Have you ever needed to gather information from a free-form source like a web page or a word processing document and load it into a structured format like a SQL Server staging table? Many of us have encountered this challenge, whether it’s extracting data from a public database or gathering information from the internet for reporting purposes. In this article, we will discuss a handy process consisting of three steps to accomplish this task.
Step 1: The Data Source
The first step is to identify the data source, which can be any free-form document such as a web page or a word processing document. It is important that the structure of the document remains consistent, with only the data field values changing. For example, let’s consider a scenario where we need to extract GPS data from web-based truck fleet reports into a SQL Server staging table. The reports are generated in HTML and have consistent formatting, margins, font sizes, and field placement. The only variable is the data field values that we require.
Step 2: The XML Virtual Printer
Next, we need to convert the data into a format that is readable by SQL Server Integration Services (SSIS). One approach is to print the data to an XML virtual printer, which creates a physical file on your drive. There are various tools available for this purpose, such as the XML Printer software created by Archae. This software allows you to parse the print job and extract only the necessary data fields, saving you from processing unnecessary data. You can define the data fields in a definition file using the XML Printer Composer application that comes with the software.
Step 3: The SSIS Package
Now comes the fun part – creating an SSIS package to transform and load the data into your SQL Server staging table. Here’s an overview of the process:
- Foreach Loop Container: Use the Foreach File Enumerator to iterate through the XML print job files. Create a user variable to store the full path to each parsed XML print job.
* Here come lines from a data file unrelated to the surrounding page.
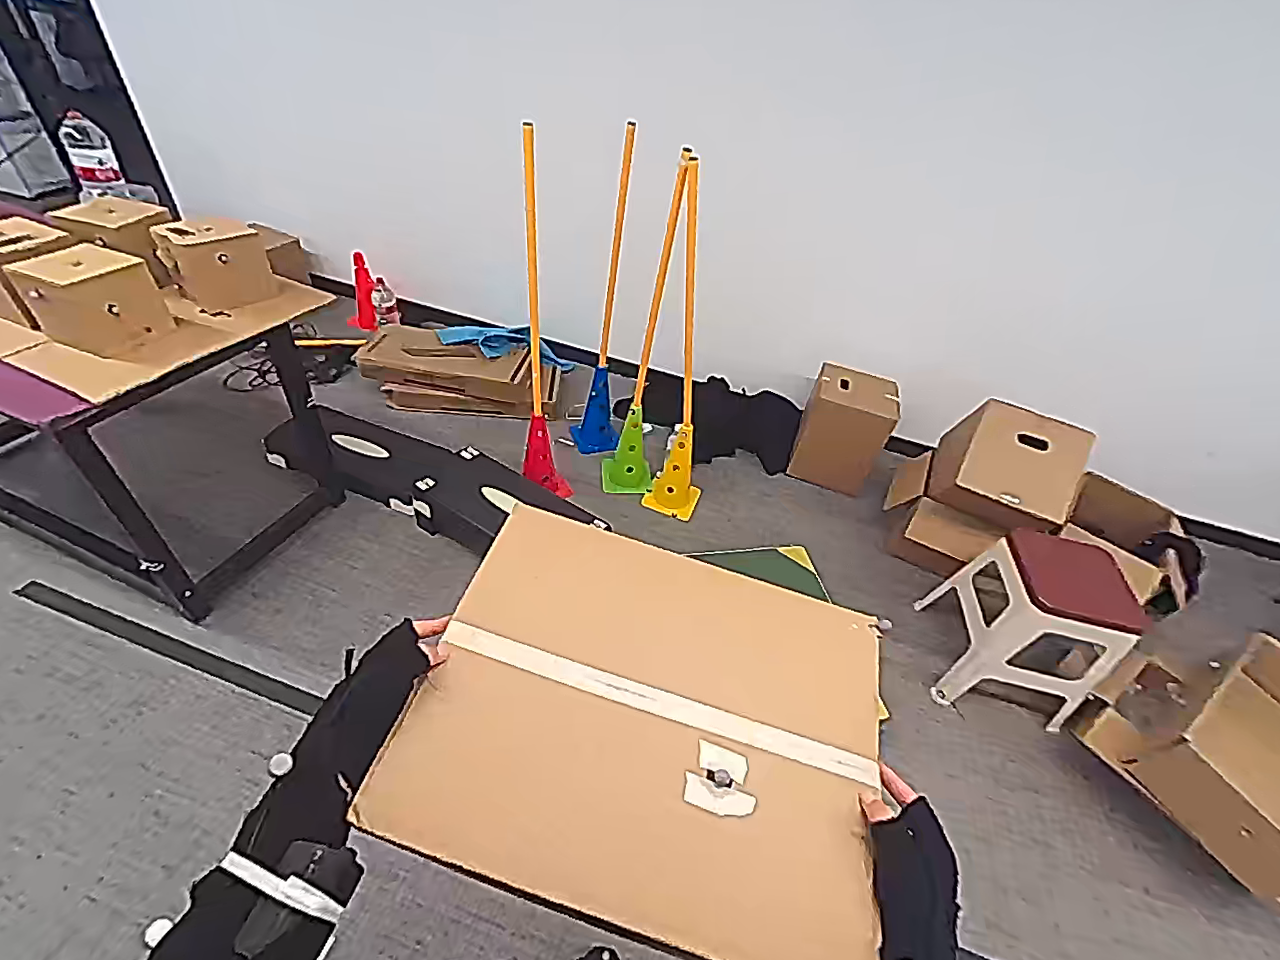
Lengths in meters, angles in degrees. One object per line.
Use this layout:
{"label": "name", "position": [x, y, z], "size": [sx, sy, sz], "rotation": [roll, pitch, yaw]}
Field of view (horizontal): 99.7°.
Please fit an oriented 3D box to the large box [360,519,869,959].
{"label": "large box", "position": [-0.011, 0.300, 0.606], "size": [0.408, 0.320, 0.320], "rotation": [18, 51, 3]}

- XML Control Flow Task: Transform the parsed XML file using Extensible Stylesheet Language Transformations (XSLT) to convert each data element into attributes of the
<data>
element and add a<table>
parent element. Store the transformed XML in a user variable to be read by the XML Data Flow Source. - XML Data Flow Task: Point the task to the user variable containing the transformed XML data. Generate an XML Schema Definition (XSD) file to define the specific format that the XML Data Flow Task should expect for each print job.
- SQL Server Destination: Load the transformed data into your SQL Server staging table using the SQL Server Destination component. Perform any necessary data conversions before the task executes.
Depending on your requirements, you may also want to consider implementing auditing functionality in your SSIS package or setting up an OnError Event handler to receive email notifications in case of errors.
Conclusion
Extracting, transforming, and loading data fields from a free-form source into SQL Server can be a challenging task. However, by following the three steps outlined in this article, you can streamline the process and ensure the successful transfer of data. Remember to adapt these steps to your unique situation, and you will be well on your way to achieving your data integration goals.